Le pagine de il Cittadino ricordano a trent’anni dalla morte (25 aprile 1992/2022) il religioso padre Ernesto Balducci (1922-1992) dell’Ordine degli Scolopi, considerato tra i più autorevoli intellettuali del Novecento. E lo ricorda per mezzo di un grande protagonista della musica leggera italiana, Beppe Dati, autore di canzoni immortali interpretate da Marco Masini, Raf, Mia Martini, Paolo Vallesi, Laura Pausini, Francesco Guccini ecc.
Beppe Dati ha composto perfino alcune opere, delle quali ne ricordiamo due mirabili: “Il mio Gesù” e “Via Crucis”. Ben diciassette sue canzoni, dal 1989 ad oggi, sono state eseguite al Festival di San Remo.
D. Quale furono le motivazioni che la indussero a scrivere insieme all’indimenticato Giancarlo Bigazzi la canzone “Dio non c’è” interpretata da Marco Masini in relazione alla figura di padre Ernesto Balducci?
R. «Premetto: una domenica, anni 1985/86, capitai alla Badia Fiesolana di Firenze, dove officiava padre Ernesto Balducci e rimasi folgorato da quanto fosse gremita. Ogni domenica durante l’omelia, padre Balducci proponeva ai presenti una riflessione la quale, partendo dal Vangelo del giorno, si estendeva ad elementi di attualità e di quotidianità con l’aiuto di un pò di tenera rabbia e di seria e giusta considerazione della realtà; la cosa meravigliosa era questa.
Prima della canzone Dio non c’è, ne avevo scritta un’altra dedicata a questo popolo che frequentava la Badia Fiesolana ed è la canzone Le persone inutili, interpretata da Paolo Vallesi che vinse nella Categoria Giovani il Festival di San Remo del 1991.
Sono sempre rimasto affascinato da padre Ernesto Balducci, che poi ho conosciuto e frequentato. Ricordo soprattutto una bellissima cena a casa dell’amico comune Riccardo Del Turco dove fu invitato anche il poeta e grande intellettuale Mario Luzi. Ancora oggi ascolto e leggo spesso le omelie di padre Ernesto il cui messaggio in se stesso è sempre attuale e sempre valido. Sono omelie di un uomo illuminato, di un uomo che era molto avanti con il suo tempo come lo erano La Pira e don Lorenzo Milani… uomini che hanno vissuto la propria fede come un progetto di speranza, come una carezza per il cuore degli “ultimi”».
D. Qual è il senso dell’attualità di Ernesto Balducci a trent’anni dalla morte?
R. «Padre Ernesto era così avanti con i tempi che non lo abbiamo ancora raggiunto. Come non abbiamo ancora raggiunto don Milani, Ghandi, Francesco d’Assisi eccetera.
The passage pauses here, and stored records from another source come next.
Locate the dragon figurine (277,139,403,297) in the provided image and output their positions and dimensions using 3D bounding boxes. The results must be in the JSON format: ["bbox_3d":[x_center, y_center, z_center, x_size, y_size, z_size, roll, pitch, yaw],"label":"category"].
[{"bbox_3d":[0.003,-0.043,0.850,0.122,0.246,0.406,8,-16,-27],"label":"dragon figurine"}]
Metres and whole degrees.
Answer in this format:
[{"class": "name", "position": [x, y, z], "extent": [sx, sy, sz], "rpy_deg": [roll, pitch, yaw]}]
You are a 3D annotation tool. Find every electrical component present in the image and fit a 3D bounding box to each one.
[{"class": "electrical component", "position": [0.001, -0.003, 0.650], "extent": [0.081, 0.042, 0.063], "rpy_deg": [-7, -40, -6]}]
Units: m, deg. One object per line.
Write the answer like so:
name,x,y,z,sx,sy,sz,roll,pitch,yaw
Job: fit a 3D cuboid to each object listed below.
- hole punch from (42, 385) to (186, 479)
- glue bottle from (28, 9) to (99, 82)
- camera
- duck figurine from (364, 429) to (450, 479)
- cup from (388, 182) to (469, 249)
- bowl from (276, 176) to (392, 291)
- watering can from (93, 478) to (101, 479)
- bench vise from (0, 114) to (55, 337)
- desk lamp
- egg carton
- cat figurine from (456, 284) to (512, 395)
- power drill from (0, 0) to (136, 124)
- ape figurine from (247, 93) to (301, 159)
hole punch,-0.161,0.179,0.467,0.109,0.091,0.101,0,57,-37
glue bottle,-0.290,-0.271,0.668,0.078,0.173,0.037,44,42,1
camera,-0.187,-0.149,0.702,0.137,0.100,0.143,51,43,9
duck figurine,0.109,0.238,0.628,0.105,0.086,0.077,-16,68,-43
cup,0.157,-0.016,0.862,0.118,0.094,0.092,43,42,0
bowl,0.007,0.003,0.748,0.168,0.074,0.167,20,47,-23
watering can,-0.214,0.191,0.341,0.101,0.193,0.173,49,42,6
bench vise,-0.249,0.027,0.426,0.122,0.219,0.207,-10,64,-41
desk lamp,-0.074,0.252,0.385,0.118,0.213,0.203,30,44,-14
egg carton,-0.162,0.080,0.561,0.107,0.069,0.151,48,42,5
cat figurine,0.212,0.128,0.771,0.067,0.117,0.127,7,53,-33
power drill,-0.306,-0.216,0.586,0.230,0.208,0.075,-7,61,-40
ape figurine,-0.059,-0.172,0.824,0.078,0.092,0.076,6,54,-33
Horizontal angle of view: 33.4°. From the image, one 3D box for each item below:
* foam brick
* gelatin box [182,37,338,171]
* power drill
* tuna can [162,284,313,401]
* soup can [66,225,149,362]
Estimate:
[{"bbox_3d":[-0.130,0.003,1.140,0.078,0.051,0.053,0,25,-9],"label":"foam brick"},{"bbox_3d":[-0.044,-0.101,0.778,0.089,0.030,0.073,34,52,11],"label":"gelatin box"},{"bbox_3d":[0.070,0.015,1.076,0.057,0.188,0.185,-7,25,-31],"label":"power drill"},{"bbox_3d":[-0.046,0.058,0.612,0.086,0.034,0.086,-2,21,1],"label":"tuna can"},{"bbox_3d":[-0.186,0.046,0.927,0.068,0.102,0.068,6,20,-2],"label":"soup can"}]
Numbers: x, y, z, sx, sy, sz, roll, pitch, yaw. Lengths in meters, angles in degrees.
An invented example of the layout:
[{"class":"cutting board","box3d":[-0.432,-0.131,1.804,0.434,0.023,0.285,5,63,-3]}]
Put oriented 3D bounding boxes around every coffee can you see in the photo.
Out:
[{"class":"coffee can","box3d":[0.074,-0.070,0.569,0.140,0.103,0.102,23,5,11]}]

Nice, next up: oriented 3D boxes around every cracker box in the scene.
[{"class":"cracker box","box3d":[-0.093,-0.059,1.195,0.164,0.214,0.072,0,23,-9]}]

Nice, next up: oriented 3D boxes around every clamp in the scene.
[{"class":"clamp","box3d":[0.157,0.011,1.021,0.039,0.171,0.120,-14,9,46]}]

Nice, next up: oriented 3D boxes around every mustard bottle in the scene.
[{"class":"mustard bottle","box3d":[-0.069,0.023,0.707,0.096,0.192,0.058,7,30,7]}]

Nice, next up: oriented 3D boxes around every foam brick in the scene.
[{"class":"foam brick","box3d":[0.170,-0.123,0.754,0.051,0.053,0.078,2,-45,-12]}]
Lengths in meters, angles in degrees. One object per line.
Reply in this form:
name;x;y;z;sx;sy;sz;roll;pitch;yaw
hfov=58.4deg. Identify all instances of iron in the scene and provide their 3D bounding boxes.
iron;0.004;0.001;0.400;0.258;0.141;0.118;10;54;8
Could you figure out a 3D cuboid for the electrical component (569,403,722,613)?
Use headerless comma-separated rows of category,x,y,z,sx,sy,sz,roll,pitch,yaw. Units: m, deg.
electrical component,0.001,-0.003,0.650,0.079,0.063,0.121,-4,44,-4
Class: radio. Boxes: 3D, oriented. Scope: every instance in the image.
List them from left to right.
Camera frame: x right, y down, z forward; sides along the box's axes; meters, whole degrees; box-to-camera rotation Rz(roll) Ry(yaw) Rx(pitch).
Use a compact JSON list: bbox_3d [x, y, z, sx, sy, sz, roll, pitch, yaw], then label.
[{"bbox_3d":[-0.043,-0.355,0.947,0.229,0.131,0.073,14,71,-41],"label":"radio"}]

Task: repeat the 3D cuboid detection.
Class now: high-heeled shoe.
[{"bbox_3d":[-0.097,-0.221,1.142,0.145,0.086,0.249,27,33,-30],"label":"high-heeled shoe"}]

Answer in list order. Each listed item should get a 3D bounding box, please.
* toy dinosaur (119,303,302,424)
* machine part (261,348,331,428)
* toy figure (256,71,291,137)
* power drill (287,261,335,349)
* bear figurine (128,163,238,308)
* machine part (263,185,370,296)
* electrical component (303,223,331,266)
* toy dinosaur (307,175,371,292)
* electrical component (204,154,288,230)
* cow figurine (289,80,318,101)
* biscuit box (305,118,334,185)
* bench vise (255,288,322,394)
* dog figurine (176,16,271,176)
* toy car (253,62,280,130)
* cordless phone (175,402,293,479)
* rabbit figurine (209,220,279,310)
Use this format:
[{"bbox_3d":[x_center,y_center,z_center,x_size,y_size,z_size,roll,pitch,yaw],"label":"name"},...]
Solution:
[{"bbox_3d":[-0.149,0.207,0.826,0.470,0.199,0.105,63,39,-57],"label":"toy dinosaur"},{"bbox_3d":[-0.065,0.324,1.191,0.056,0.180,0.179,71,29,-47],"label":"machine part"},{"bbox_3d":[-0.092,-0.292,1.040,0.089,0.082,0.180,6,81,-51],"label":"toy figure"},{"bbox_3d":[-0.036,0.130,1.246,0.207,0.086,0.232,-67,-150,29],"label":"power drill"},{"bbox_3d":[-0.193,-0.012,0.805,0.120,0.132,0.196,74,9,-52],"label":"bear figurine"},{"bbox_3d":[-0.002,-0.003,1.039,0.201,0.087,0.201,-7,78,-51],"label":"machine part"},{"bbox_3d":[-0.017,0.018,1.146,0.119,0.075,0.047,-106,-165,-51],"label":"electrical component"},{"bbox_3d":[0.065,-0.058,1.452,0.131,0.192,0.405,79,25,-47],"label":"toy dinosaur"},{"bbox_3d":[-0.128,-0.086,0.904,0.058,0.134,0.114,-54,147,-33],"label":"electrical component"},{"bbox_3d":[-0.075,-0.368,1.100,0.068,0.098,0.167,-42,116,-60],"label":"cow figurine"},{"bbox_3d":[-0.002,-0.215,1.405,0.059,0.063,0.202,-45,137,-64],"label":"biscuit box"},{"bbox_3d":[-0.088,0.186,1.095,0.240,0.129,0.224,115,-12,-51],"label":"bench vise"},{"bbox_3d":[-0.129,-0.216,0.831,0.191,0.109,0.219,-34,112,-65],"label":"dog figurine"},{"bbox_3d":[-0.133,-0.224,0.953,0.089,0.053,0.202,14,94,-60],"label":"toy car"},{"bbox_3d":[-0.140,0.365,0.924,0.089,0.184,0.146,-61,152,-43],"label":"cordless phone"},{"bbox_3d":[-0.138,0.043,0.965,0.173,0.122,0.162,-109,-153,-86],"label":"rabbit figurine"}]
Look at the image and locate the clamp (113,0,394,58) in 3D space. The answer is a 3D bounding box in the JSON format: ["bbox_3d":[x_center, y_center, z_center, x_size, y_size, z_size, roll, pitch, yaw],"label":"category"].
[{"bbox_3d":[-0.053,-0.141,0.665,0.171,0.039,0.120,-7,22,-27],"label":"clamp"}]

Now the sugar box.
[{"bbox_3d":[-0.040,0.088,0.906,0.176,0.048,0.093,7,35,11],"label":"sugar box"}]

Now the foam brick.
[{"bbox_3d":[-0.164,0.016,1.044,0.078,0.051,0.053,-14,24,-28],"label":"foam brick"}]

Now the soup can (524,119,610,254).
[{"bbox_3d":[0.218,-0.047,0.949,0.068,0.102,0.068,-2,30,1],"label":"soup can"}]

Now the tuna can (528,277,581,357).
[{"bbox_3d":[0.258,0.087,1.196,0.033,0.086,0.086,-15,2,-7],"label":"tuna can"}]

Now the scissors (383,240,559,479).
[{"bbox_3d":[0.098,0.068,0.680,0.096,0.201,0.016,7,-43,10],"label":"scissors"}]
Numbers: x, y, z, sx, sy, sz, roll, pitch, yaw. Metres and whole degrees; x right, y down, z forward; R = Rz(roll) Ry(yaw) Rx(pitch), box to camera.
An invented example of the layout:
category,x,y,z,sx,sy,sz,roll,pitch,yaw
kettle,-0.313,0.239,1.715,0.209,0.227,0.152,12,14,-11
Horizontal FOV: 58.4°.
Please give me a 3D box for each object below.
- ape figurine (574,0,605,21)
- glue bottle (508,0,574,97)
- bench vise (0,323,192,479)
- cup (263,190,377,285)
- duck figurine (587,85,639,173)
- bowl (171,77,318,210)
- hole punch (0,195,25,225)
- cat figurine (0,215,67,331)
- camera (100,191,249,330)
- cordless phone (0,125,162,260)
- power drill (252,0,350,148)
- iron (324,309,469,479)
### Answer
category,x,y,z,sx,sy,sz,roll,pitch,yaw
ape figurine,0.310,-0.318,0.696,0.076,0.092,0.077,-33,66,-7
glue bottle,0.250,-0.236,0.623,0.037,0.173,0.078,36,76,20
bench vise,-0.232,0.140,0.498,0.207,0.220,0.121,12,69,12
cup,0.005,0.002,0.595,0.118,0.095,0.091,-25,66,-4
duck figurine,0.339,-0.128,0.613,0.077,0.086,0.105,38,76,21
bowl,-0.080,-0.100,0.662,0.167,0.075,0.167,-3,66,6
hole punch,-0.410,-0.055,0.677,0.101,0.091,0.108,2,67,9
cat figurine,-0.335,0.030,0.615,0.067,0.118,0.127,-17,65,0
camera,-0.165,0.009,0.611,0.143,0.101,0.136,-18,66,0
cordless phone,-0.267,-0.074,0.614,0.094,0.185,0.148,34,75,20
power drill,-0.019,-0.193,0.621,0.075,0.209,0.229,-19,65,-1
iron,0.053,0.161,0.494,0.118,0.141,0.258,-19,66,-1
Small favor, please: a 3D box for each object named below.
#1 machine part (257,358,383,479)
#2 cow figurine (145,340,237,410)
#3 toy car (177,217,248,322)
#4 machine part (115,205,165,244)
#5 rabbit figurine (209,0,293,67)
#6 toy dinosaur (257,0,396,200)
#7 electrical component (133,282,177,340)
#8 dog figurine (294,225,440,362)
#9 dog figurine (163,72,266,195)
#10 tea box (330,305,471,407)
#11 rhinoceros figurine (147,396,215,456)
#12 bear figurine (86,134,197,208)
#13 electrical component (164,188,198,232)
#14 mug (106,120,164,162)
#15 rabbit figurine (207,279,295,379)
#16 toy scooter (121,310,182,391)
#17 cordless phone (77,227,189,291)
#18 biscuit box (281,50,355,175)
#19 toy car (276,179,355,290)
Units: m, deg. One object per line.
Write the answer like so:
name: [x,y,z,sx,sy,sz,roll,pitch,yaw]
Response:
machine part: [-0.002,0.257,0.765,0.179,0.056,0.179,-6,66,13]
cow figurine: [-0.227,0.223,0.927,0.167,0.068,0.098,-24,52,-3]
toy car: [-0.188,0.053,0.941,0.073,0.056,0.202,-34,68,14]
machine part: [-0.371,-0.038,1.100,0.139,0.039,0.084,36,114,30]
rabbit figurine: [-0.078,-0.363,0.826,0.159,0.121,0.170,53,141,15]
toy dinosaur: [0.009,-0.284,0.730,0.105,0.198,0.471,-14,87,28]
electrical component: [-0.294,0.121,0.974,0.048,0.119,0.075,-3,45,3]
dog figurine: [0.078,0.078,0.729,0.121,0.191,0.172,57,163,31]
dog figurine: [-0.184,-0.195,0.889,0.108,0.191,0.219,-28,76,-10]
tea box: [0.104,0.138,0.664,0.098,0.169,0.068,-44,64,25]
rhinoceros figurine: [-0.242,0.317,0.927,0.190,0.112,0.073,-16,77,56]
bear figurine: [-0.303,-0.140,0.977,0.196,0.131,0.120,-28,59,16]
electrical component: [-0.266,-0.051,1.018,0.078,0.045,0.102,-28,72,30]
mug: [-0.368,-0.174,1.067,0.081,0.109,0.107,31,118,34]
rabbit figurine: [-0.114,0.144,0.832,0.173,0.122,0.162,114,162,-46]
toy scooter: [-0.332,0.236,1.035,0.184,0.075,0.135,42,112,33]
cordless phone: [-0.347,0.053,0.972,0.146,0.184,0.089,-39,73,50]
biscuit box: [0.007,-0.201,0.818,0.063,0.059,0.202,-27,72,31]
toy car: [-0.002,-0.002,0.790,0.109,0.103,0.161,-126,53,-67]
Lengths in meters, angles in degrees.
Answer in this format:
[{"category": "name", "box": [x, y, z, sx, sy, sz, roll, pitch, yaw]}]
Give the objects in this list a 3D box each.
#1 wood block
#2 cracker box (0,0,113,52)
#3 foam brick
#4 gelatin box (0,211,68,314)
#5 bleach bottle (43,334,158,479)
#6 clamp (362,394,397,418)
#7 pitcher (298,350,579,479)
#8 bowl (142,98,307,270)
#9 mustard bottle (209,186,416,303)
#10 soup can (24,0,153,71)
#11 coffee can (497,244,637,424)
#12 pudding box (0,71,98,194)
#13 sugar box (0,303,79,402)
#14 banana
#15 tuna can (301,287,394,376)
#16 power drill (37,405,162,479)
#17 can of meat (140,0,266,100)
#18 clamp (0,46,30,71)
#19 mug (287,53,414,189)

Questi uomini saranno sempre attuali! Anzi, bisognerebbe continuare a studiarli, a parlarne, a raccontarli, ad ascoltarli».
D. Secondo lei, le grandi idee di un grande uomo come padre Ernesto Balducci possono morire?
R. «No, perché contengono semi di verità raccolti durante la sua esperienza di fede e di vita. Egli non si atteggiava a filosofo ma ad esempio, non accettava il “Nulla” nichilista e con le “ragioni” del cuore e della fede chiamava “Qualcosa” quel “Nulla” dei filosofi, cioè un luogo dove l’uomo deve realizzare la giustizia perché, ripeteva spesso: “È qua, nell’immanenza, che l’uomo ha bisogno di giustizia.”
Padre Balducci era comunque un intellettuale ma quando parlava dall’altare le sue parole erano semplici, erano le stesse che usava la sua gente, quelle di sua mamma e di suo babbo minatore.
Diventando prete e frequentando il seminario, padre Ernesto sfuggì alla morte a differenza di molti suoi compagni dell’ Amiata che vennero falciati dalla guerra o uccisi dai fascisti, ma tutto ciò egli non l’ ha mai dimenticato, come non ha mai dimenticato quel mondo misero. Avendo vissuto la povertà in prima persona le sue idee si sono formate ed hanno tratto alimento da quell’ esperienza di vita semplice che in lui è sempre rimasta.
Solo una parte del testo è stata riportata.